Headquartered in the Belo Building in Downtown Dallas, its CEO is James Moroney III. It also owns a part interest in Classified Ventures.

==History==
The company was organized as a fully owned subsidiary of Belo Corporation on October 1, 2007, then taken public by issuing the new stock to Belo shareholders and starting trade on February 8, 2008. The split was structured so that Belo Corporation was the legal successor of the original company.

While technically this corporate entity was formed in 2008, the organization traces its roots and history back to 1842. The Belo Corporation used the A. H. Belo name from 1926 to 2002 when it was shortened to simply Belo.

In 2016, the company announced that it is planning to leave the Belo Building for The Statler Library, also located downtown. As of 2018, the company website lists 1954 Commerce Street in Dallas as their headquarters address.

The company changed its name and ticker symbol and moved from the New York Stock Exchange to the Nasdaq on June 29, 2021, after acknowledging the history tied to their founder, A. H. Belo, a colonel in the Confederate military during the American Civil War, especially given that the company has its origins as early as 1842.

The change was proposed in 2021 by CEO Robert W. Decherd to embrace "the social justice movement underway in America." The name change was approved by company shareholders the same year, with 99% of votes cast.

In July 2025, Hearst Communications announced it had agreed to purchase DallasNews for $14 a share. The sale is expected to close at the 4th quarter of 2025. A few weeks later Alden Global Capital submitted a competing bid for $16.50 a share, which was rejected by the DallasNews board. Alden then submitted a letter threatening to take their offer directly to DallasNews shareholders.

On September 24, 2025, DallasNews Corporation announced that it had completed its merger with Hearst.

==Newspapers==
- The Dallas Morning News (Dallas, Texas)
  - Al Día (Spanish language – Dallas, Texas)

The company also formerly published the Denton Record-Chronicle, The Providence Journal, the Riverside Press-Enterprise, Quick, a free weekly in Dallas, and The Business Press, a weekly business publication in Riverside.

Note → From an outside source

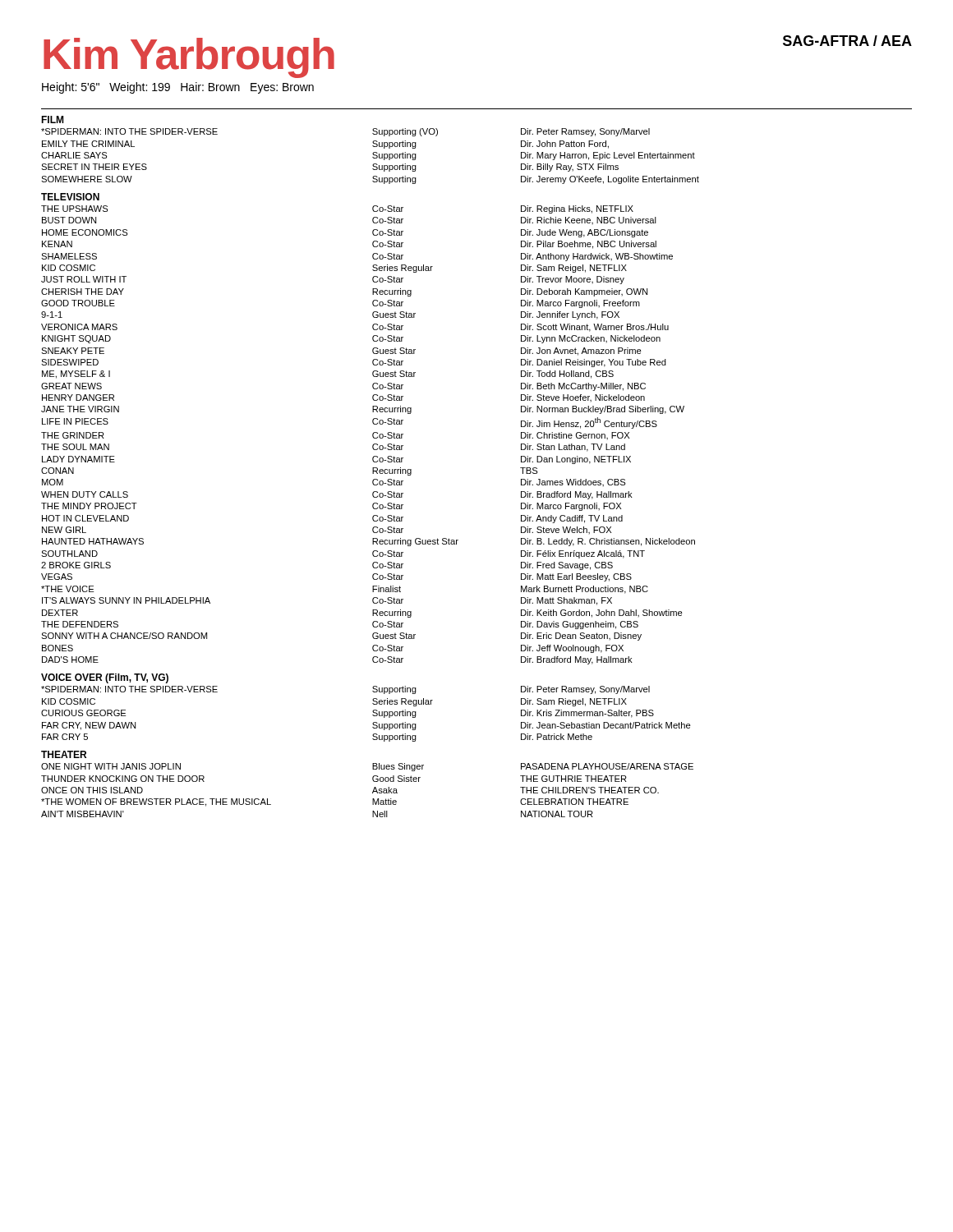The height and width of the screenshot is (1232, 953).
Task: Find the table that mentions "Dir. Jean-Sebastian Decant/Patrick Methe"
Action: point(476,713)

For decades, News-Texan, Inc., an A.H. Belo subsidiary, was the owner of The Dallas Morning News as well as other newspapers in the suburban Dallas area. Belo acquired seven newspapers in 1963, which included The Garland Daily News, The Grand Prairie Daily News, and The Richardson Daily News. The newspaper group would become Dallas-Fort Worth Suburban Newspapers, Inc. Belo executives specifically shifted the newspapers to afternoon delivery to compete with The Dallas Times-Herald, the rival of the chain's flagship The Dallas Morning News, according to Judith Garrett Segura, author of Belo: From Newspapers to New Media. She claims the newspapers were not profitable for roughly two years. These newspapers would operate and be published relatively independently until the late 1980s. Under increased advertising pressures and laws prohibiting media monopolies in urban markets, the newspapers were ultimately absorbed into The Dallas Morning News.